Abastenia St. Leger Eberle (April 6, 1878 – February 26, 1942)[1] was an American sculptor known for her energetic, small bronze sculptures depicting poor immigrants on New York's City's Lower East Side as subject matter. As an artist Eberle had strong beliefs and felt a need for artists to create politically and socially conscious works of art that reflected current issues. Ederle spent much of her life working towards equal rights for American women and a widespread push for equality.[2] Her most famous piece The White Slave representing child prostitution caused controversy when exhibited at the 1913 Armory Show.[3]

Early life

Born on April 6th, 1878 in Webster City, Iowa, her father was a doctor and her mother a musician. Her family later moved to Kansas, then Missouri, before settling in Canton, Ohio. She initially studied to become a professional musician, but her father noticed her talent for modeling. He showed some interest in her developments, but never offered Eberle much financial backing during her lifetime. Eberle’s mother offered piano lessons and encouraged her to pursue her musical talent, which she displayed at a young age.  Eberle pursued cello professionally, until one day her father was so impressed with a clay mask Eberle worked out that he acquired some modeling wax for her from a patient who made busts. Confident that she would quickly achieve talent in sculpture Eberle stated, “I knew it [sculpture] was my work.”[4] She received lessons from this patients before enrolling at the Art Students League in New York.

Early career

Once Eberle had obtained the wax from her father’s patient,

Eberle began copying tombstones in her community because that was the only type of sculpture that was available to her in Canton at that time. After awhile Eberle became so desperate to receive some art training that she took it upon herself to get other locals registered to fill spots when she got wind that sculptor Frank Vogan would come to Canton, Ohio to teach a class.  Eberle continued to study with Vogan for two years, which she stated was very useful to her developments as an artist. In 1899, twenty-one-year-old Eberle would begin training under George Grey Barnard at the Art Students League in New York.[4] At some point in Eberle’s early twenties she went to visit her family in Puerto Rico, where her father had been relocated as a U.S. Army doctor. While in Puerto Rico, Eberle made small, quick clay sketches of everyday street subjects.
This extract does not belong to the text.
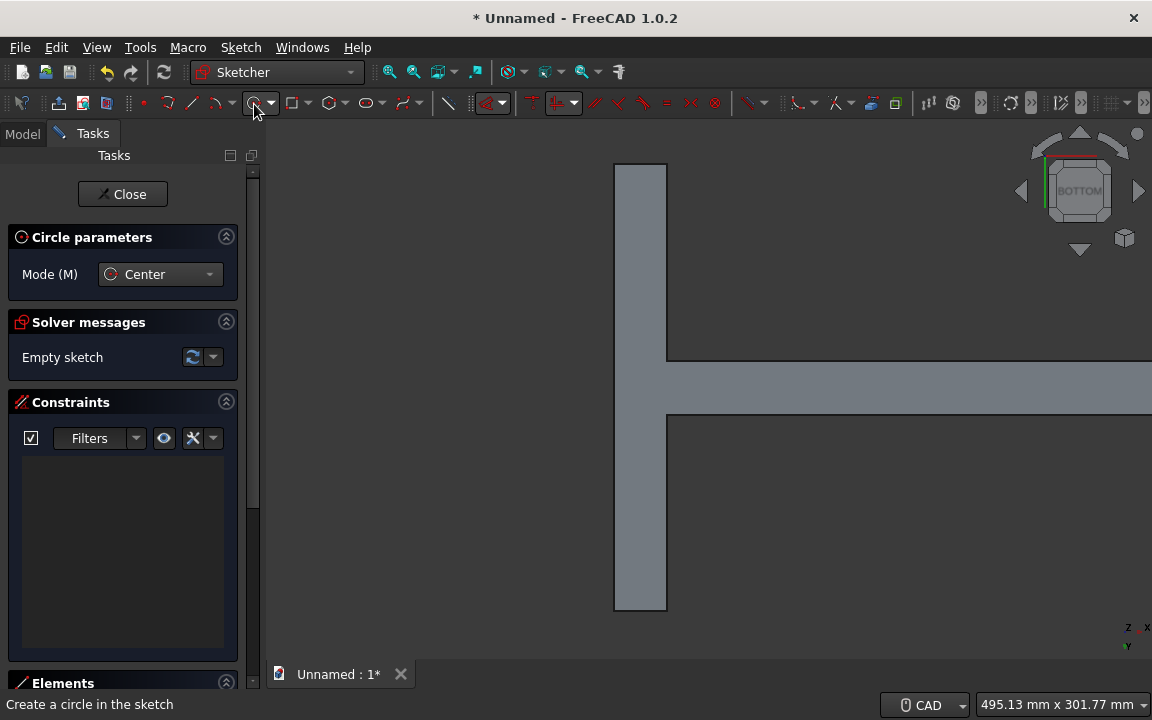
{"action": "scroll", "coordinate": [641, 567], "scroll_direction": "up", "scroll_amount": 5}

Eberle’s piece Puerto Rican Mother and Child (1901) was the first pieces that Eberle depicted the everyday life of lower class people.[4] She received recognition as a young talent right away and received her tuition in scholarships and prizes. In fact, Eberle made such an impression on Barnard that eventually he left her in charge of the classroom when he could not make it to leas the class. She achieved early success with her sculpture Men and Bull, created in collaboration with Anna Hyatt, which was shown at the 1904 exhibition of the Society of American Artists.. In 1906 Huntington and Eberle went their separate ways. Huntington dedicated her work to animal sculptures and large monuments and Eberle worked on small bronzes dealing with social reform of lower-class immigrants. In 1907 Eberle completed, Roller Skater (1906) (Girl with Roller Skate or Roller Skating), an energetic clay sketch of a lower class, young girl roller skating down the street. This was the first time she completed a study from the street life of New York.[4] In 1906 she was elected to the National Sculpture Society.[5] In 1920, she was elected into the National Academy of Design as an Associate Academician. St. Leger Eberle worked in a style related to Art Nouveau and the New Sculpture movement. She produced mainly portrait sculpture and decorative work for fountains.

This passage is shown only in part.